There are two table-data storage formats: row store format and column store format. You can specify the table-data storage format when defining the table. A table defined with row store format as the table-data storage format is called a row store table. A table defined with column store format as the table-data storage format is called a column store table.

Row store tables store data in row store format. Column store tables store data in column store format. However, if the INSERT or UPDATE statement is executed for a column store table, the added or updated data is stored in the column store table in row store format.

■ Relationship between the column store table and table-data storage format
  • If the adbimport command is used to import data into a column store table, the data is stored in the table in column store format.

  • If the INSERT or UPDATE statement is used to add or update data for a column store table, the data is stored in the table in row store format.

Note

All tables defined in versions of HADB server earlier than 04-01 are row store tables.

(2) What is row store format?

A format in which data is stored in the database at the row level is called row store format. In row store format, one row of data is stored in the database as one record. The following figure shows how data is stored in row store format:

Figure 2‒4: Data storage in row store format

[Figure]

Explanation

Note

For details about pages and segments, see 2.4.3 DB area structure (segments and pages).
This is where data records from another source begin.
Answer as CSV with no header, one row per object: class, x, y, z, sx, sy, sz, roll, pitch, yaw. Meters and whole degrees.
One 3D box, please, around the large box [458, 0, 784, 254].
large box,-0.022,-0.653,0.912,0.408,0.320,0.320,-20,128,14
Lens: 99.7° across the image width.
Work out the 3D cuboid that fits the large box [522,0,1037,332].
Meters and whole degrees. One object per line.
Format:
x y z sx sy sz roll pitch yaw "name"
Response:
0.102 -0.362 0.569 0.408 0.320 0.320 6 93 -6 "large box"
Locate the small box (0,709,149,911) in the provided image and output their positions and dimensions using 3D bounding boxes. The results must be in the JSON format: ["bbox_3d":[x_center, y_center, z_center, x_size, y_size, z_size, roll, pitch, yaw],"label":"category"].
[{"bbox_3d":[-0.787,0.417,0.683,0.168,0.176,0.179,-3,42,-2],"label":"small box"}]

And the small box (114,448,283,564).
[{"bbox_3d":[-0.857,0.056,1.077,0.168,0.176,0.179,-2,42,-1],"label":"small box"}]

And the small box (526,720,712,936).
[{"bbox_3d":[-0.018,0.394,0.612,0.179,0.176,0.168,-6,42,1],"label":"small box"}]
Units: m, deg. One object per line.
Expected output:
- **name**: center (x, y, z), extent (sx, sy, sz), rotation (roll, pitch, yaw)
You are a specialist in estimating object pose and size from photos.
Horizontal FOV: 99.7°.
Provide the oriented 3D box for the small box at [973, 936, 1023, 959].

■ Retrieval methods that benefit from row store tables

Because data is stored at the row level, row store tables are suited to the following manners of data retrieval:

  • Data retrieval that accesses data at the row level

    One example of this manner of data retrieval is executing a SELECT statement with * specified in the selection expression, as follows:

    SELECT * FROM "T1" WHERE "C1">=DATE'2017-09-06'

    Row store format remains suitable when the selection expression specifies almost every column.

  • When retrieving data in a manner that narrows down the search range using B-tree indexes

    When a table search is executed, the HADB server only reads the pages that store rows that are in the search range. Therefore, using a B-tree index to narrow down the search range can reduce the number of pages that need to be loaded.

(3) What is column store format?

A format in which data is stored in the database at the column level is called column store format. In column store format, the data in each column of a table is stored together in the database. The following figure shows how data is stored in column store format:

Figure 2‒5: Data storage in column store format

[Figure]

Explanation

Note

For details about pages and segments, see 2.4.3 DB area structure (segments and pages).

■ Retrieval methods that benefit from column store tables

Because data is stored at the column level, column store tables are suited to the following manners of data retrieval:

  • Searching the data in a specific column in its entirety without significantly narrowing the search range

  • Accessing the data in a specific column within a specific range (such as a specific month or year)

  • Performing operations that involve frequent calculations (such as computing averages and totals) in relation to the value data in a specific column

  • Grouping data in specific columns on a frequent basis

When a table search is executed, the HADB server first finds the segment that stores the column data targeted by the search. The HADB server then reads the pages within that segment that store the column data targeted by the search. When performing operations that involve calculations in relation to the value data in a specific column, the HADB server only needs to access the pages that store the target column data. This allows the number of pages that need to be read to be reduced.

■ Column-data compression types

When data is imported into a column store table, the data in each column is compressed as it is stored in the table. There are several column-data compression types. For details about each column-data compression type, see (4) Column-data compression types for column store tables in 5.2.2 Criteria for selecting row store tables and column store tables.

Note

When importing data into a column store table, HADB server automatically selects the compression type based on the data being imported. You can also specify the column-data compression type when defining the column store table.

■ Relationship between deletion of data in column store format and invalid row information pages

If the DELETE statement is executed for data that is stored in a column store table in column store format, the data is invalidated. The data is not deleted from the disk.

The HADB server uses invalid row information pages to manage the information that indicates specific data has been invalidated. Each time the DELETE statement is executed for a column store table, an invalid row information page is allocated and free space in the data DB area decreases by the size of that page.

Therefore, if the DELETE statement is executed for data in column store format when free space in the data DB area is insufficient, an error might occur.

■ If the INSERT or UPDATE statement is executed for a column store table

If the INSERT or UPDATE statement is executed for a column store table, the added or updated data is stored in the column store table in row store format. If data is stored in the column store table in row store format, characteristics of the column store table might be adversely affected. For example, the retrieval performance might be degraded at the time of access to specific column data, or the data compression rate might be lowered. Therefore, in situations where the INSERT or UPDATE statement might be executed for a column store table, we recommend that you enable the updated-row columnizing facility. If the updated-row columnizing facility is enabled and data is stored in row store format in a column store table, HADB automatically converts the data into column store format. For details about the updated-row columnizing facility, see 11.18 Using the updated-row columnizing facility (maintaining the retrieval performance for column store tables).